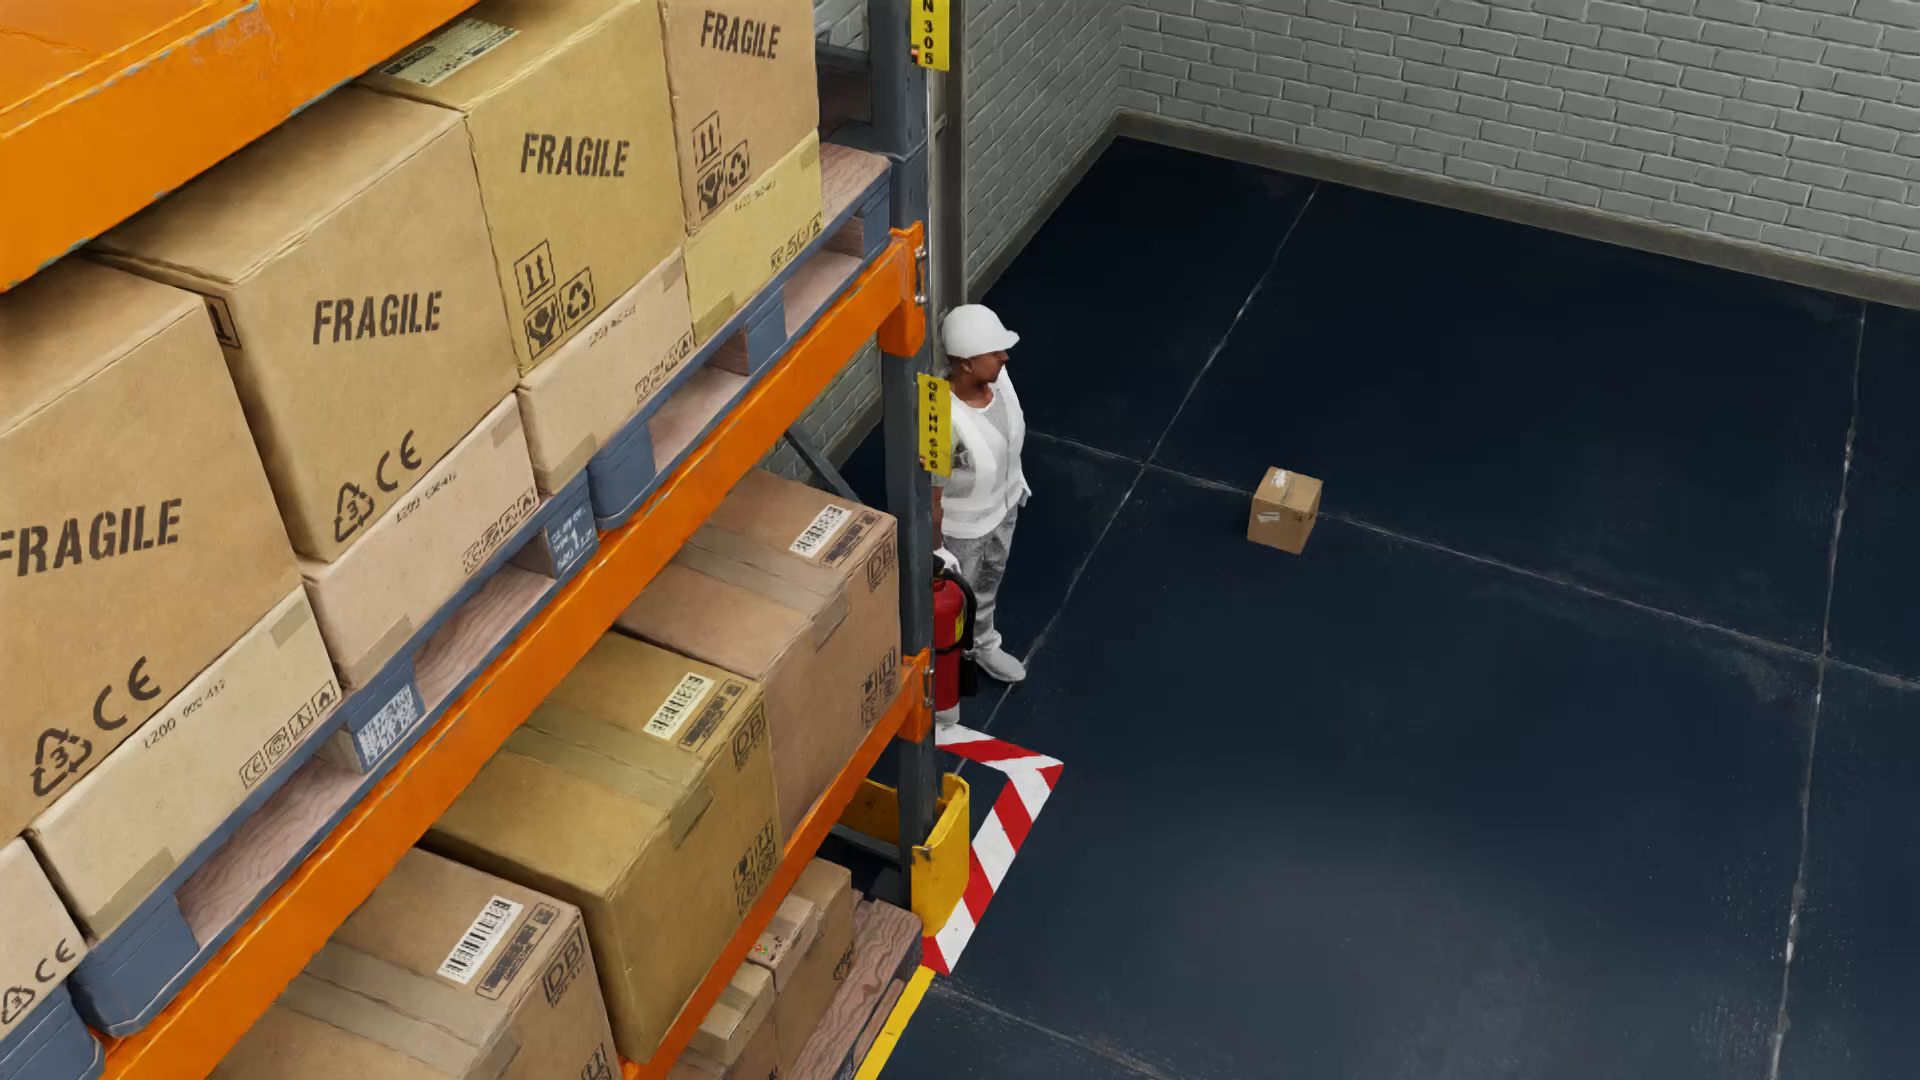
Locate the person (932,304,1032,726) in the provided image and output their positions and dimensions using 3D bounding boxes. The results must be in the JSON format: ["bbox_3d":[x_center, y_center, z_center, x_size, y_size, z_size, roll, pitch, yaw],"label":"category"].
[{"bbox_3d":[0.053,-0.102,6.219,0.392,1.786,0.638,22,46,23],"label":"person"}]
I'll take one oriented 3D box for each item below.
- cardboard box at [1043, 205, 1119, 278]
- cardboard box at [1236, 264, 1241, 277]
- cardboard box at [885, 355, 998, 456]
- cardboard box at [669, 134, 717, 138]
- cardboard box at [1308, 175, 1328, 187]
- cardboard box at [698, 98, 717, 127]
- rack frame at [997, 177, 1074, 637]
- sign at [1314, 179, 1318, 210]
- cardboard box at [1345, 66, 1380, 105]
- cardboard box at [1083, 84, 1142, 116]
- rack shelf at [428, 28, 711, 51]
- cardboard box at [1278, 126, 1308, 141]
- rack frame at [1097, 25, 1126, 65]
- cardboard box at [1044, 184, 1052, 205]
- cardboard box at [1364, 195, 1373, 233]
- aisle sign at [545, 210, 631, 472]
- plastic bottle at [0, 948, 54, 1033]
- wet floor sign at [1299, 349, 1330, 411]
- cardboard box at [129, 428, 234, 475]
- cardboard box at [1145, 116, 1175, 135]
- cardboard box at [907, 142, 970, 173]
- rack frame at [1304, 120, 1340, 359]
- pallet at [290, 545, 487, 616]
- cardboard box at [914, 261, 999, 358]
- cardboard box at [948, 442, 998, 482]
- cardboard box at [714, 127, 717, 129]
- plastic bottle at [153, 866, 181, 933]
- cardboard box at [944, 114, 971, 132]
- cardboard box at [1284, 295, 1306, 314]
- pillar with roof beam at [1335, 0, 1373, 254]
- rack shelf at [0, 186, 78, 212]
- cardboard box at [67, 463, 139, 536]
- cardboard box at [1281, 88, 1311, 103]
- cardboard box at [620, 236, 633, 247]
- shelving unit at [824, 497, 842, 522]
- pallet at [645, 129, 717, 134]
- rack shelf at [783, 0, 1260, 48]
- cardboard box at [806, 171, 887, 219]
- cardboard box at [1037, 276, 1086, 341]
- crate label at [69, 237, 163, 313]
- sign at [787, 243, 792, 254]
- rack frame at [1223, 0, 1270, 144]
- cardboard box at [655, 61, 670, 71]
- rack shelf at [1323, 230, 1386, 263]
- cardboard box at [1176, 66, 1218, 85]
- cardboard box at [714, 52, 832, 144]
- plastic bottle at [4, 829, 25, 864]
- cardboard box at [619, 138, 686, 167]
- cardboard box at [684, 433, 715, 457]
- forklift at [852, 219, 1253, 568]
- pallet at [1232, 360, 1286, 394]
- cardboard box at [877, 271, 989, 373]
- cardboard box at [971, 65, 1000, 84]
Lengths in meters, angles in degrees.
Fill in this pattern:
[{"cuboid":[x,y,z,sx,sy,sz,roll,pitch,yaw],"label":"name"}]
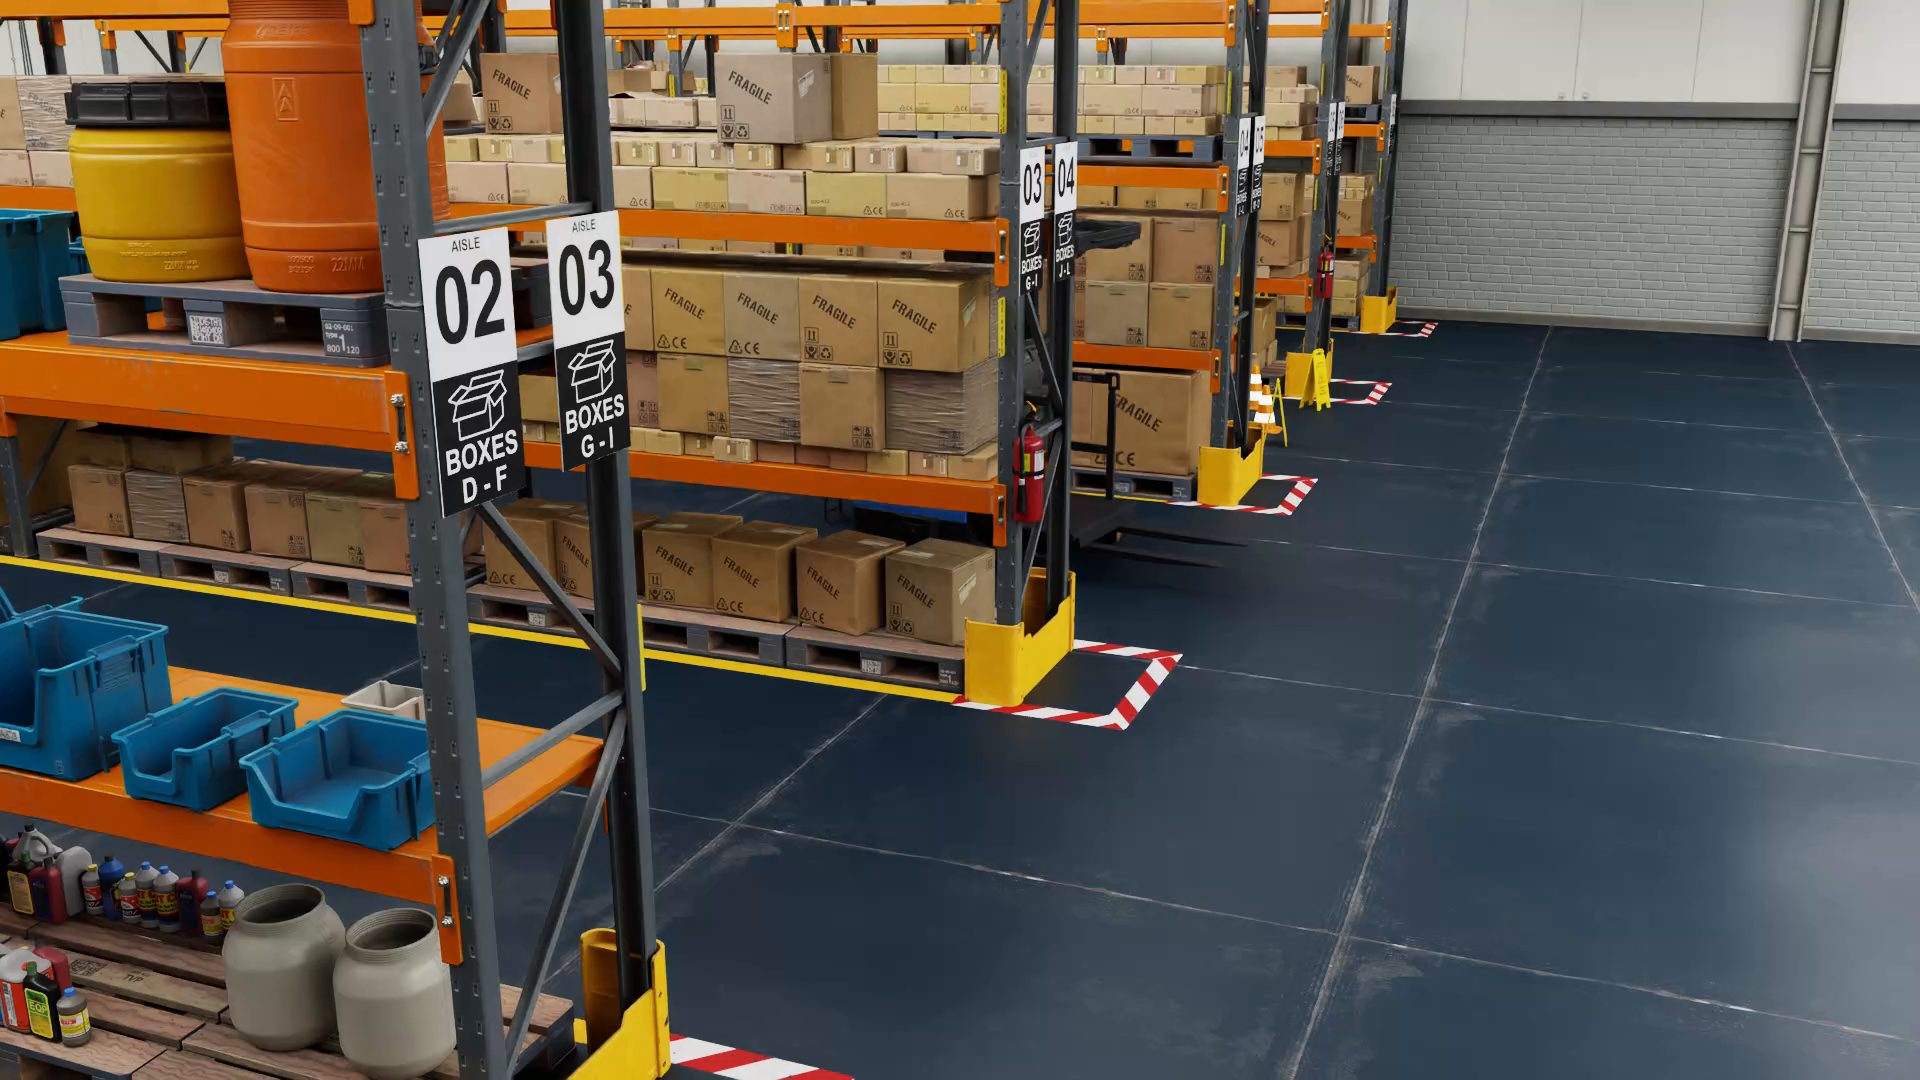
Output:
[{"cuboid":[1.020,-2.652,14.724,0.550,0.550,0.875,6,17,21],"label":"cardboard box"},{"cuboid":[3.156,-3.074,18.833,0.250,0.149,0.380,6,17,20],"label":"cardboard box"},{"cuboid":[-0.048,-0.867,10.067,0.500,0.500,0.875,6,17,21],"label":"cardboard box"},{"cuboid":[-1.631,-2.490,10.545,0.250,0.149,0.380,7,18,23],"label":"cardboard box"},{"cuboid":[5.002,-4.992,23.113,0.250,0.149,0.380,7,17,22],"label":"cardboard box"},{"cuboid":[-2.070,-3.947,15.346,0.500,0.250,0.500,6,17,21],"label":"cardboard box"},{"cuboid":[0.453,-0.613,9.904,0.127,3.000,1.000,6,17,21],"label":"rack frame"},{"cuboid":[3.867,-3.749,18.063,0.005,0.325,0.100,6,17,21],"label":"sign"},{"cuboid":[5.406,-6.191,22.627,0.500,0.500,0.500,7,18,22],"label":"cardboard box"},{"cuboid":[1.344,-3.679,13.888,0.500,0.250,0.500,6,17,21],"label":"cardboard box"},{"cuboid":[-5.213,-6.549,21.601,4.000,0.370,1.077,6,17,21],"label":"rack shelf"},{"cuboid":[3.655,-4.467,18.250,0.250,0.149,0.380,6,17,21],"label":"cardboard box"},{"cuboid":[2.186,-7.761,23.766,0.127,3.000,1.000,6,17,21],"label":"rack frame"},{"cuboid":[1.165,-4.104,19.424,0.500,0.500,0.700,6,17,21],"label":"cardboard box"},{"cuboid":[5.548,-4.641,23.602,0.500,0.500,0.500,7,18,22],"label":"cardboard box"},{"cuboid":[-1.190,-0.645,5.353,0.004,0.787,0.394,6,17,21],"label":"aisle sign"},{"cuboid":[-3.458,1.661,6.167,0.135,0.276,0.152,6,17,21],"label":"plastic bottle"},{"cuboid":[3.874,-1.755,18.063,0.232,0.644,0.267,14,21,40],"label":"wet floor sign"},{"cuboid":[-5.857,-0.690,12.519,0.500,0.250,0.500,8,18,27],"label":"cardboard box"},{"cuboid":[1.699,-3.431,13.748,0.250,0.149,0.380,6,17,21],"label":"cardboard box"},{"cuboid":[-0.119,-2.177,9.467,0.250,0.149,0.380,6,17,19],"label":"cardboard box"},{"cuboid":[4.089,-3.183,18.758,0.127,3.000,1.000,6,17,21],"label":"rack frame"},{"cuboid":[-3.993,0.238,11.976,1.213,0.211,1.003,6,17,21],"label":"pallet"},{"cuboid":[0.042,-1.411,10.147,0.500,0.500,0.500,6,17,21],"label":"cardboard box"},{"cuboid":[0.112,-0.468,9.855,0.250,0.149,0.380,6,17,21],"label":"cardboard box"},{"cuboid":[-2.884,-5.275,20.824,0.258,0.266,0.396,6,17,21],"label":"cardboard box"},{"cuboid":[-3.255,1.469,6.837,0.097,0.271,0.097,0,16,0],"label":"plastic bottle"},{"cuboid":[0.046,-3.612,14.375,0.250,0.149,0.380,6,17,21],"label":"cardboard box"},{"cuboid":[4.895,-3.371,23.585,0.500,0.250,0.500,6,17,21],"label":"cardboard box"},{"cuboid":[4.011,-6.540,19.562,0.400,9.000,9.100,6,17,21],"label":"pillar with roof beam"},{"cuboid":[-5.128,-2.322,11.701,4.000,0.370,1.077,6,17,21],"label":"rack shelf"},{"cuboid":[-6.358,-0.379,12.792,0.500,0.500,0.700,5,17,18],"label":"cardboard box"},{"cuboid":[3.666,-4.844,18.119,0.250,0.149,0.380,6,17,21],"label":"cardboard box"},{"cuboid":[-3.236,-3.031,16.263,0.500,0.500,0.700,6,17,20],"label":"cardboard box"},{"cuboid":[-0.838,-0.716,13.487,0.503,1.200,0.258,9,19,29],"label":"shelving unit"},{"cuboid":[-2.225,-3.728,15.597,1.217,0.209,0.805,6,17,18],"label":"pallet"},{"cuboid":[0.507,-4.437,14.324,4.000,0.370,1.077,6,17,21],"label":"rack shelf"},{"cuboid":[-0.554,-2.015,9.623,0.500,0.250,0.500,6,17,21],"label":"cardboard box"},{"cuboid":[1.011,-2.128,14.853,0.550,0.550,0.875,6,17,21],"label":"cardboard box"},{"cuboid":[-2.984,-0.975,6.037,0.408,0.251,0.502,6,17,21],"label":"crate label"},{"cuboid":[-1.544,-2.674,15.071,0.005,0.325,0.100,6,17,21],"label":"sign"},{"cuboid":[2.367,-4.770,13.463,0.127,3.000,1.000,6,17,21],"label":"rack frame"},{"cuboid":[-4.688,-7.578,26.757,0.258,0.266,0.396,6,17,21],"label":"cardboard box"},{"cuboid":[4.047,-4.330,23.998,4.000,0.370,1.077,6,17,21],"label":"rack shelf"},{"cuboid":[1.929,-3.788,13.549,0.250,0.149,0.380,6,17,21],"label":"cardboard box"},{"cuboid":[-1.081,-2.577,9.681,0.500,0.500,0.500,6,17,21],"label":"cardboard box"},{"cuboid":[-4.035,1.372,7.149,0.133,0.283,0.061,8,18,24],"label":"plastic bottle"},{"cuboid":[-1.852,-2.345,10.045,0.250,0.149,0.380,6,17,20],"label":"cardboard box"},{"cuboid":[-1.529,-0.638,10.440,0.250,0.149,0.380,6,17,21],"label":"cardboard box"},{"cuboid":[0.691,-1.296,12.381,3.031,2.935,1.130,9,19,29],"label":"forklift"},{"cuboid":[3.276,-1.944,19.491,1.213,0.211,1.003,6,17,21],"label":"pallet"},{"cuboid":[-0.149,-1.276,9.683,0.500,0.500,0.500,6,17,21],"label":"cardboard box"},{"cuboid":[0.275,-3.970,14.175,0.250,0.149,0.380,6,17,20],"label":"cardboard box"}]

### What you need to do
The copy should run from the first line of the material above through the line with "I'll take one", repeated exactly and without pictures.

### Response box
Locate the person (932,304,1032,726) in the provided image and output their positions and dimensions using 3D bounding boxes. The results must be in the JSON format: ["bbox_3d":[x_center, y_center, z_center, x_size, y_size, z_size, roll, pitch, yaw],"label":"category"].
[{"bbox_3d":[0.053,-0.102,6.219,0.392,1.786,0.638,22,46,23],"label":"person"}]
I'll take one oriented 3D box for each item below.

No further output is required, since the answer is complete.